- _EXERCISE_
Output exactly, with nothing added, the entries from the first line through the line with "Answer briefly. 11.2%-16.1%.".

- _DATA FOR THIS EXERCISE_
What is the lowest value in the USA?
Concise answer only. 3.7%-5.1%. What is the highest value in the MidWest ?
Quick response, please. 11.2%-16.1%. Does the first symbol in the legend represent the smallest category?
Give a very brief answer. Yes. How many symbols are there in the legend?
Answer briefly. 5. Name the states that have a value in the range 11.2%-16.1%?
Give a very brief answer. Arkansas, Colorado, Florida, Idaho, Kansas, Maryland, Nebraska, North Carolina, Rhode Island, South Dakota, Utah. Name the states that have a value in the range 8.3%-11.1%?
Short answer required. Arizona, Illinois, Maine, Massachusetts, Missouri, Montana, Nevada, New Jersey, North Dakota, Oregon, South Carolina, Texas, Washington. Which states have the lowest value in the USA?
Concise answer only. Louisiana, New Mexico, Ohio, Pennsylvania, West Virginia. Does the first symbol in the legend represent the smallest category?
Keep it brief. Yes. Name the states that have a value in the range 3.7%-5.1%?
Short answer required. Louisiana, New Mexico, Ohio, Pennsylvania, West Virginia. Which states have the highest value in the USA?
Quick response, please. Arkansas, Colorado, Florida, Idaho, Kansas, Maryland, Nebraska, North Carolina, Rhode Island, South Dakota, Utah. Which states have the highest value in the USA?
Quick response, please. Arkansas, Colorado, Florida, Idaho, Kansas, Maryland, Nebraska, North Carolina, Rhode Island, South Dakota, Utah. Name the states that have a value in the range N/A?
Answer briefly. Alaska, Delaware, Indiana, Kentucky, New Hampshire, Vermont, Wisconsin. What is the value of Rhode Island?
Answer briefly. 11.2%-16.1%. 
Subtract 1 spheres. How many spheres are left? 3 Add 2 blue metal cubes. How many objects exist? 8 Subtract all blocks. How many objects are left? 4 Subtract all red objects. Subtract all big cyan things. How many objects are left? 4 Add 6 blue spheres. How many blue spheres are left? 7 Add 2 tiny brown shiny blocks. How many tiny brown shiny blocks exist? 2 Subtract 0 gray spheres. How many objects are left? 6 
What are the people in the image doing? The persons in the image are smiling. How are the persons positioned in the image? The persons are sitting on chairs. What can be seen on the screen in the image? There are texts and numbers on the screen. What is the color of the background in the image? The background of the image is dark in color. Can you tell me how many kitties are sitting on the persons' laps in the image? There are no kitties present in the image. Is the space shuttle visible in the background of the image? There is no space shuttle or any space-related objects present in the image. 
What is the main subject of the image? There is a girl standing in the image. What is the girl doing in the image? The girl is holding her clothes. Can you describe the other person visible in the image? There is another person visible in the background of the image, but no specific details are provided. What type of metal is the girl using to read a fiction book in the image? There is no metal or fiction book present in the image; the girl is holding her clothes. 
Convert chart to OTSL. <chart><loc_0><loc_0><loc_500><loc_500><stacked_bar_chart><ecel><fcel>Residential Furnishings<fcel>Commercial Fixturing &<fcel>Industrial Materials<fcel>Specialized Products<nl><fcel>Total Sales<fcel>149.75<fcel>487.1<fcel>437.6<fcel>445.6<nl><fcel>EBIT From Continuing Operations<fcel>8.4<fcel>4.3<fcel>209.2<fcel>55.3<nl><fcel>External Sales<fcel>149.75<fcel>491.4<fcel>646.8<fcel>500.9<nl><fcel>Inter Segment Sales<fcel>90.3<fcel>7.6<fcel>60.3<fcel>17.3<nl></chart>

- _OUTPUT OF THE TASK_
What is the lowest value in the USA?
Concise answer only. 3.7%-5.1%. What is the highest value in the MidWest ?
Quick response, please. 11.2%-16.1%. Does the first symbol in the legend represent the smallest category?
Give a very brief answer. Yes. How many symbols are there in the legend?
Answer briefly. 5. Name the states that have a value in the range 11.2%-16.1%?
Give a very brief answer. Arkansas, Colorado, Florida, Idaho, Kansas, Maryland, Nebraska, North Carolina, Rhode Island, South Dakota, Utah. Name the states that have a value in the range 8.3%-11.1%?
Short answer required. Arizona, Illinois, Maine, Massachusetts, Missouri, Montana, Nevada, New Jersey, North Dakota, Oregon, South Carolina, Texas, Washington. Which states have the lowest value in the USA?
Concise answer only. Louisiana, New Mexico, Ohio, Pennsylvania, West Virginia. Does the first symbol in the legend represent the smallest category?
Keep it brief. Yes. Name the states that have a value in the range 3.7%-5.1%?
Short answer required. Louisiana, New Mexico, Ohio, Pennsylvania, West Virginia. Which states have the highest value in the USA?
Quick response, please. Arkansas, Colorado, Florida, Idaho, Kansas, Maryland, Nebraska, North Carolina, Rhode Island, South Dakota, Utah. Which states have the highest value in the USA?
Quick response, please. Arkansas, Colorado, Florida, Idaho, Kansas, Maryland, Nebraska, North Carolina, Rhode Island, South Dakota, Utah. Name the states that have a value in the range N/A?
Answer briefly. Alaska, Delaware, Indiana, Kentucky, New Hampshire, Vermont, Wisconsin. What is the value of Rhode Island?
Answer briefly. 11.2%-16.1%. 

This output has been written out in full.